TASK DIRECTIONS
Transcribe each entry below exactly. Pictures do not go in the copy.

TASK MATERIAL

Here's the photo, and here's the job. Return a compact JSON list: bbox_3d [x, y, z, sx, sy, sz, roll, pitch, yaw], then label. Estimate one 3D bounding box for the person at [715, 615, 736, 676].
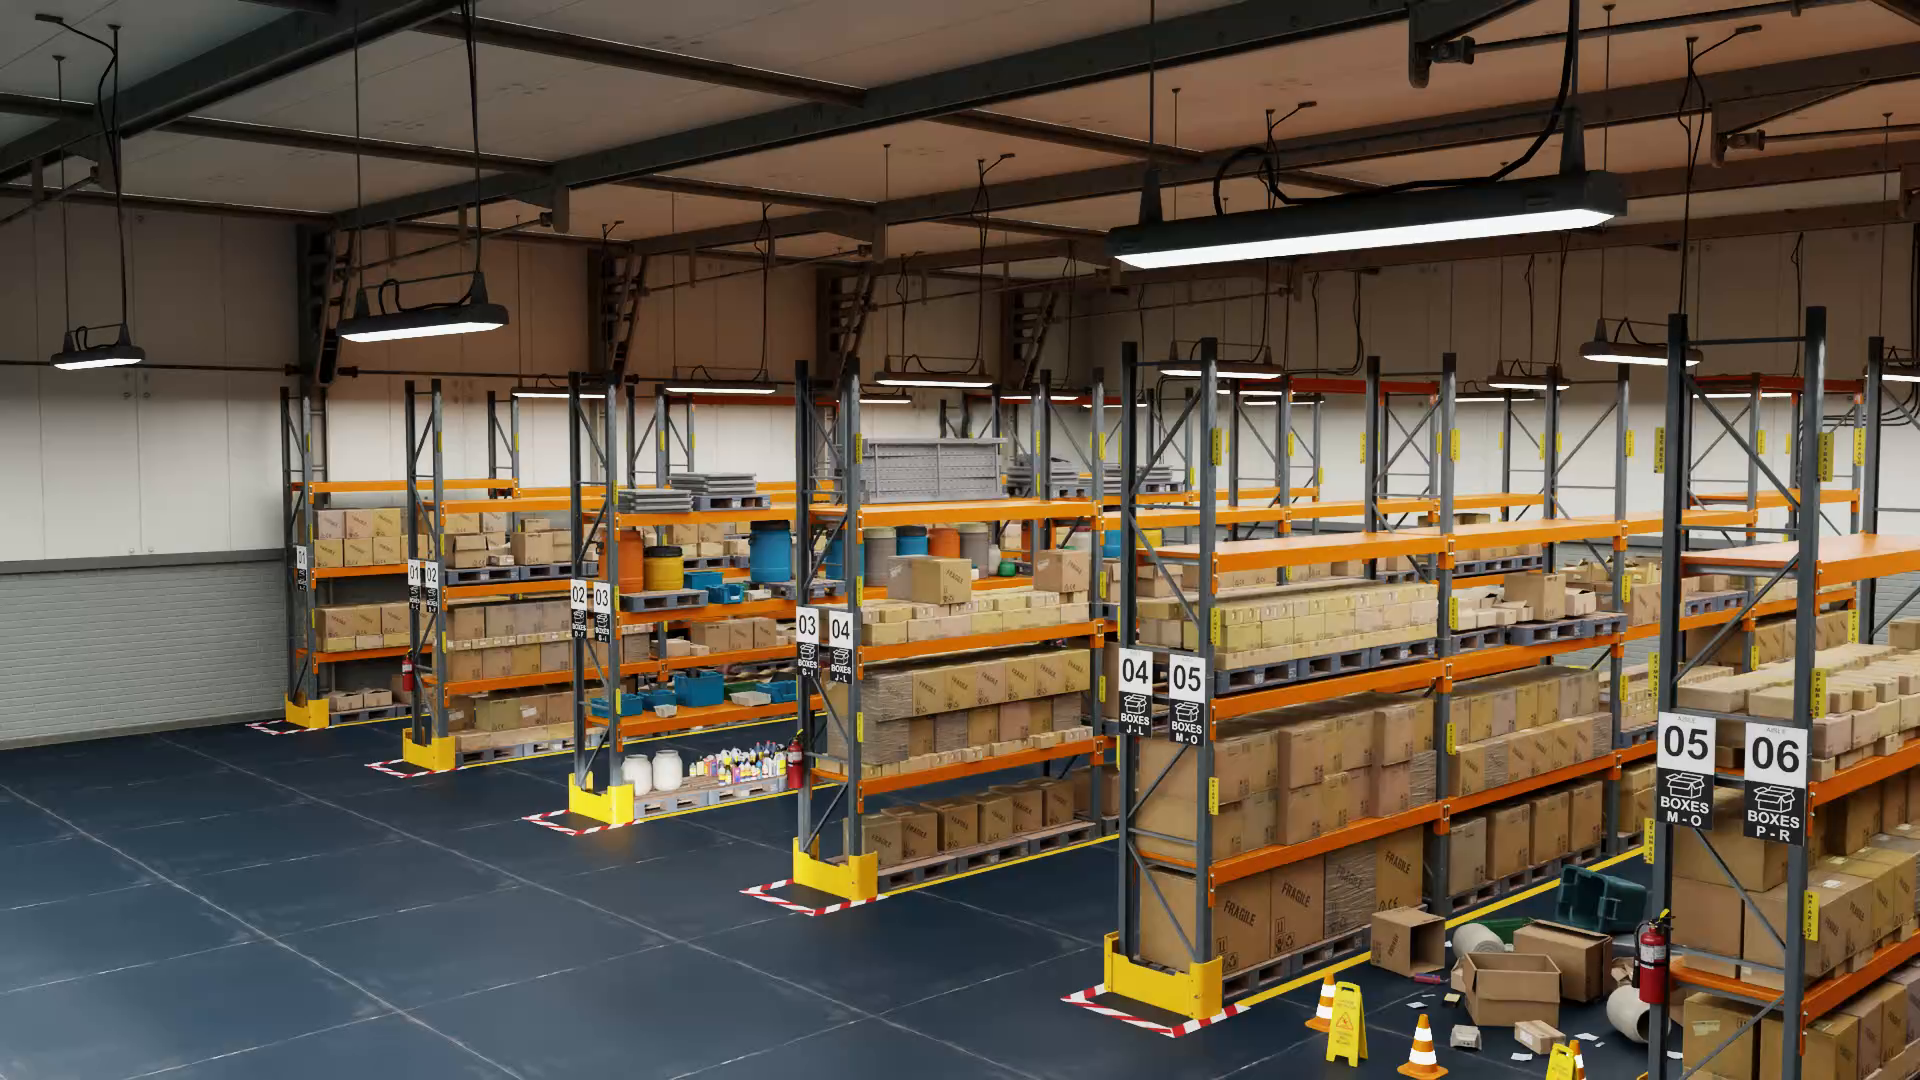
[{"bbox_3d":[-4.576,2.252,32.949,0.580,1.621,0.558,2,4,34],"label":"person"}]
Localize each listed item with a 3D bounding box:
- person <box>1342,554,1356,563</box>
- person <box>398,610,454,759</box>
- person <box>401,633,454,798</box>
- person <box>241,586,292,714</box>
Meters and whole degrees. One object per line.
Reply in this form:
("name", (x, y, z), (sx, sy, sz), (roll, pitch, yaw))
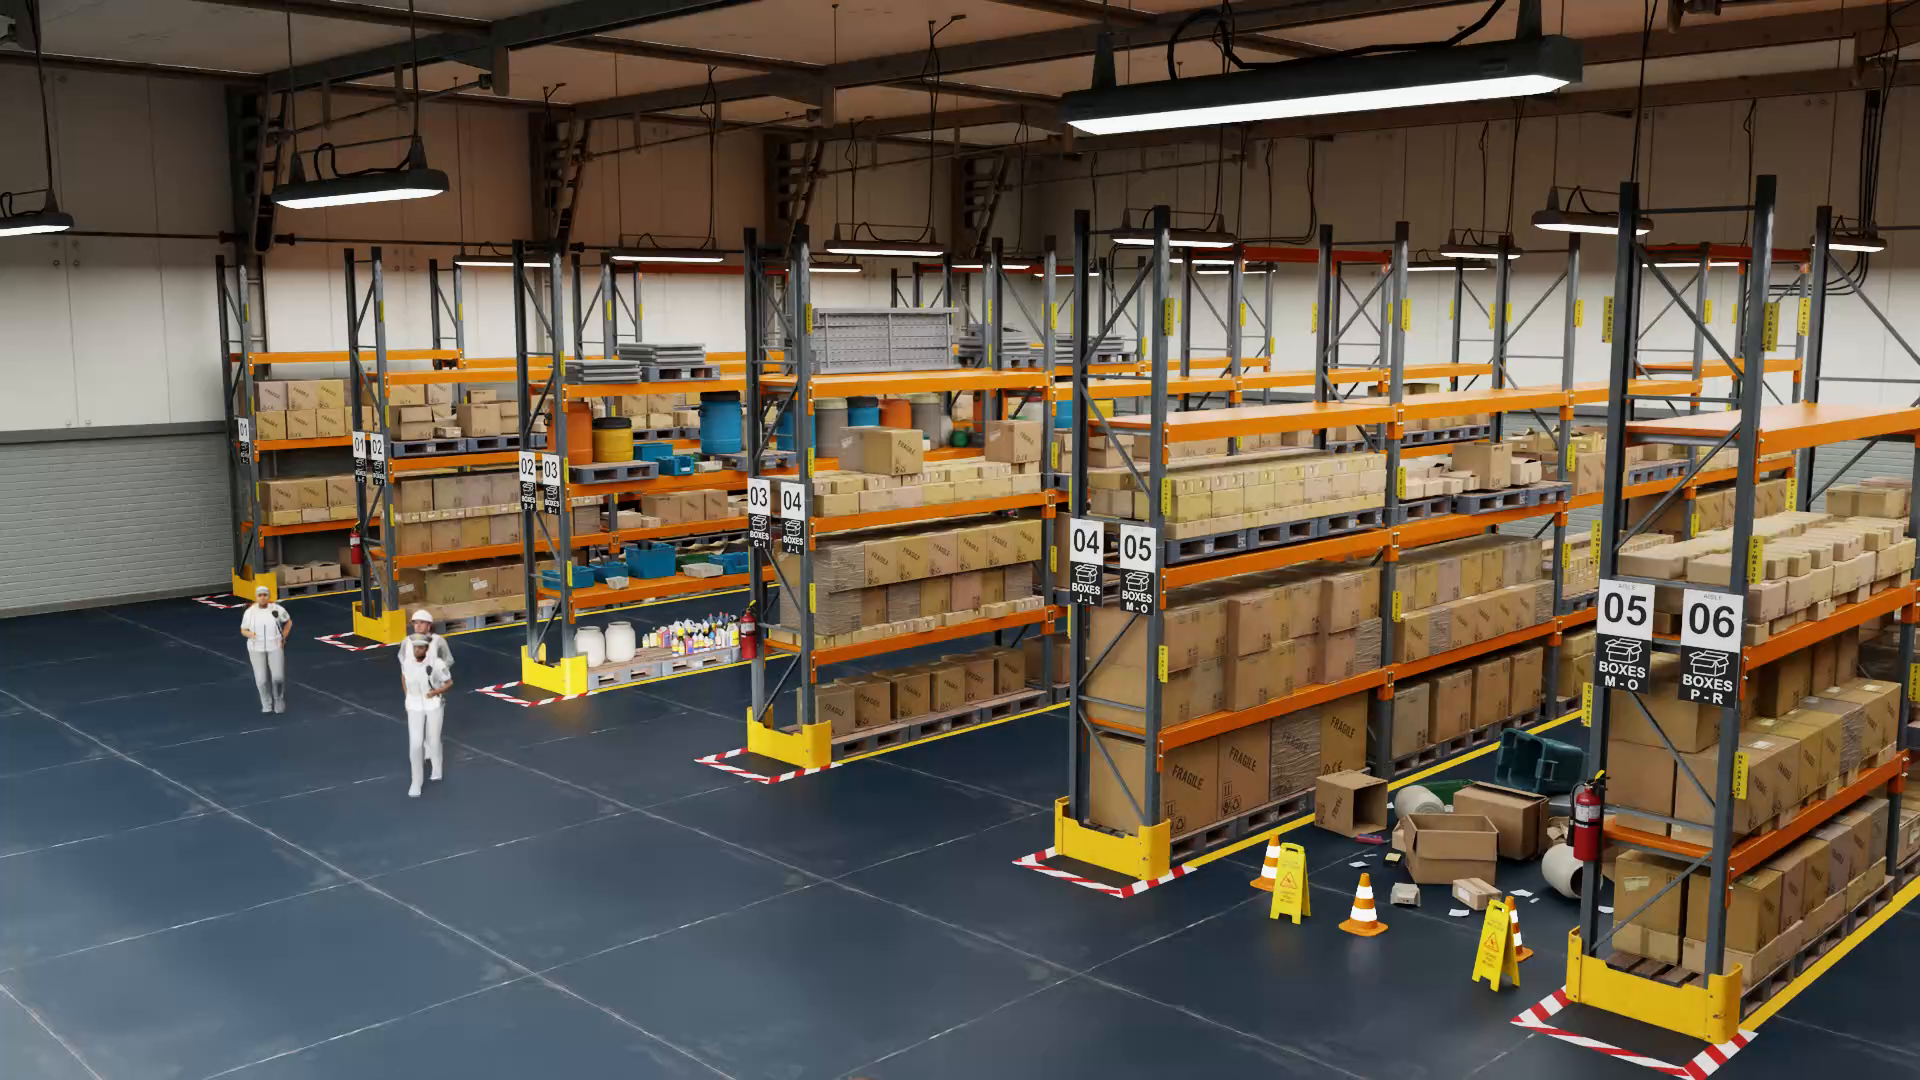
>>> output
("person", (5.566, 0.993, 23.822), (0.547, 1.597, 0.817), (7, 11, 41))
("person", (-6.004, 1.666, 18.691), (0.633, 1.779, 0.693), (-1, 8, -10))
("person", (-5.693, 1.829, 17.755), (0.546, 1.754, 0.769), (-1, 8, -9))
("person", (-8.719, 1.400, 20.930), (0.589, 1.647, 0.583), (-3, 9, -20))

PROBLEM SOLUTION
Here's the photo, and here's the job. Return a compact JSON list: bbox_3d [x, y, z, sx, sy, sz, roll, pitch, yaw], then label. Estimate one 3D bounding box for the person at [715, 615, 736, 676].
[{"bbox_3d":[-4.576,2.252,32.949,0.580,1.621,0.558,2,4,34],"label":"person"}]
Localize each listed item with a 3D bounding box:
- person <box>1342,554,1356,563</box>
- person <box>398,610,454,759</box>
- person <box>401,633,454,798</box>
- person <box>241,586,292,714</box>
Meters and whole degrees. One object per line.
Reply in this form:
("name", (x, y, z), (sx, sy, sz), (roll, pitch, yaw))
>>> output
("person", (5.566, 0.993, 23.822), (0.547, 1.597, 0.817), (7, 11, 41))
("person", (-6.004, 1.666, 18.691), (0.633, 1.779, 0.693), (-1, 8, -10))
("person", (-5.693, 1.829, 17.755), (0.546, 1.754, 0.769), (-1, 8, -9))
("person", (-8.719, 1.400, 20.930), (0.589, 1.647, 0.583), (-3, 9, -20))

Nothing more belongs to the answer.